Coinbase Makes International Moves as US Regulators Stall
Coinbase demanded that the SEC offer clarity on crypto regulation
Artwork by Axel Rangel
Coinbase continues to explore relocation options outside the United States in response to prevailing regulatory uncertainty and restrictions.
Coinbase CEO Brian Armstrong has reiterated that the exchange would maintain a US presence, though it is eager to potentially expand abroad.
So far this year, Coinbase has faced a Wells notice from the SEC – which is essentially a warning about possible enforcement action – which led it to sue the SEC in a bid to demand regulatory clarity.
In April, Armstrong said that “anything is on the table, including relocating,” at a summit. In a later interview with CNBC, he clarified his comments, stating that Coinbase “is not going to relocate overseas.”

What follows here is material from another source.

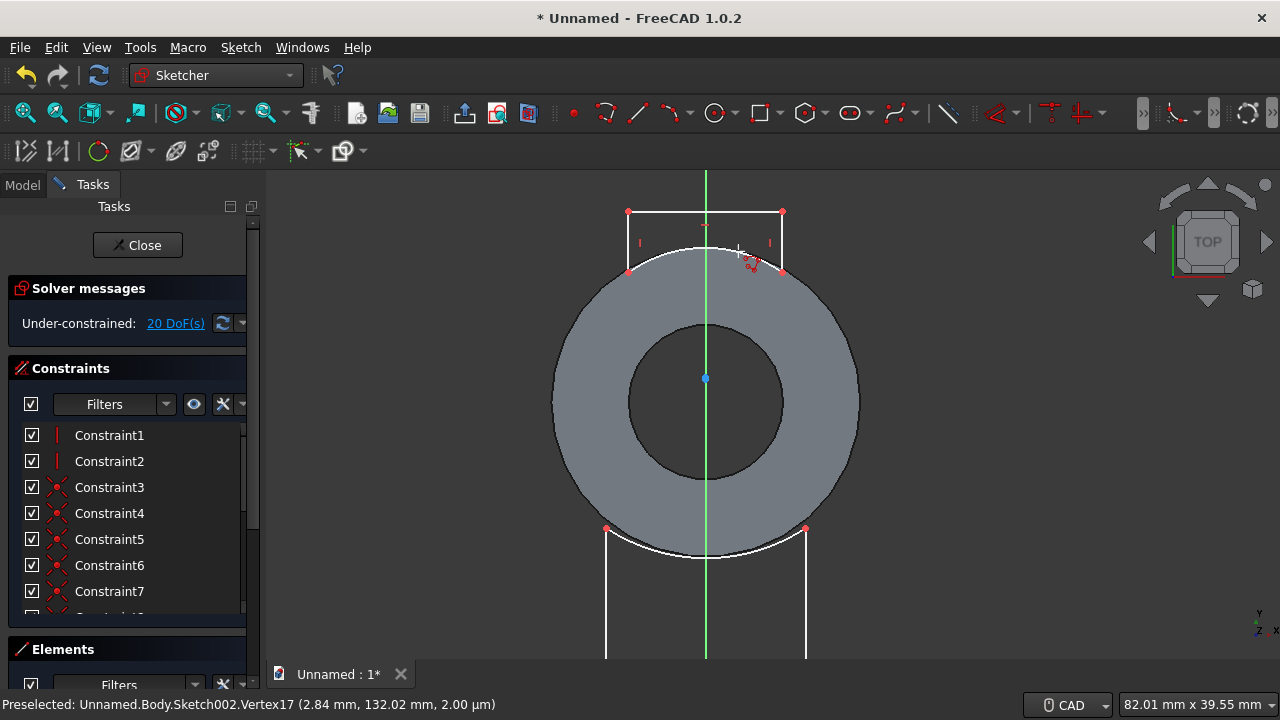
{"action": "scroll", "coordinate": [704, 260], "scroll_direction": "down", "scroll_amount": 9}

But relocations aren’t the only focus for the crypto exchange. Armstrong praised the European Union and the United Kingdom for taking a more “thoughtful” and “comprehensive” approach to crypto, while the US remains “a little bit behind.”
“Coinbase is committed to the US, but countries around the world are increasingly moving forward with responsible crypto-forward regulatory frameworks,” Coinbase said in a statement.
“We would like to see the US take a similar approach instead of regulation by enforcement which has led to a disappointing trend for crypto development in the US.”
Coinbase has since stepped up its expansions and partnerships to show how it is prioritizing its international arms.
Coinbase partners with Bitpanda
The most recent move was announced by Coinbase and Bitpanda on May 25.
Bitpanda is an Austrian crypto exchange and investment platform.
Coinbase said it will use Bitpanda’s investing-as-a-service (IAAS) as part of its offerings for foreign institutional clients.
“By using Bitpanda Technology Solutions, banks can use Bitpanda’s technology to offer their customers trading in as little as three months. The best part? To their customers, it all looks like it’s part of the bank’s own brand,” Bitpanda said in the partnership announcement.
In return, Coinbase will be added to Bitpanda’s liquidity providers.
Coinbase One launched in 35 countries
Coinbase officially launched Coinbase One earlier this month, after beta testing the service.
Outside of the US, it’ll be available in 34 countries including the UK, Germany and Ireland.
Users get access to 24/7 customer support and zero trading charges as well as $1 million in account protections.
An additional 31 counties will get access to the service in the coming months.
Coinbase launches offshore crypto derivatives exchange
Earlier this month, Coinbase opened its offshore crypto derivatives exchange, which targets institutional investors and traders outside of the US.
Initially, the Coinbase International Exchange will list bitcoin (BTC) and ether (ETH) perpetual futures
The new exchange is based in Bermuda, which leads us to another part of its international expansions…
Coinbase eyes further expansion internationally
Coinbase secured a Class F license – which is issued by the Bermuda Monetary Authority – to sell, issue or redeem digital assets in Bermuda.
“Bermuda was one of the first financial centers to pass comprehensive digital assets regulation in 2018, and its regulatory environment is long known for a high level of rigor, transparency, compliance, and cooperation,” the company said in a blog post.
The exchange also announced plans to operate in Abu Dhabi in an effort to diversify its offerings. It’s also eyeing Brazil.
Coinbase also aims to stay in Canada as competitors – such as Binance – exit the market in the wake of new regulations.
“We continue to work with policymakers on a strong crypto regulatory framework for Canadians. We applaud the Canadian securities regulators’ efforts to bring clarity to the industry and look forward to continuing our collaboration with them on regulation that protects consumers while embracing innovation,” the exchange said in a March blog post.
On US soil, Coinbase locked in legal battles
Back on US soil, a court granted Coinbase the ability to arbitrate an IP claim from MouseBelt Labs, which claims that Coinbase and Armstrong stole its work.
The exchange filed a writ of mandamus in response to the SEC refusing to give Coinbase – or the court overseeing the suit between the exchange and the commission – an answer regarding regulatory clarity.
Coinbase argued that the court should “order the SEC to explain its delay to date, state when it will respond, and provide progress reports” to the court.”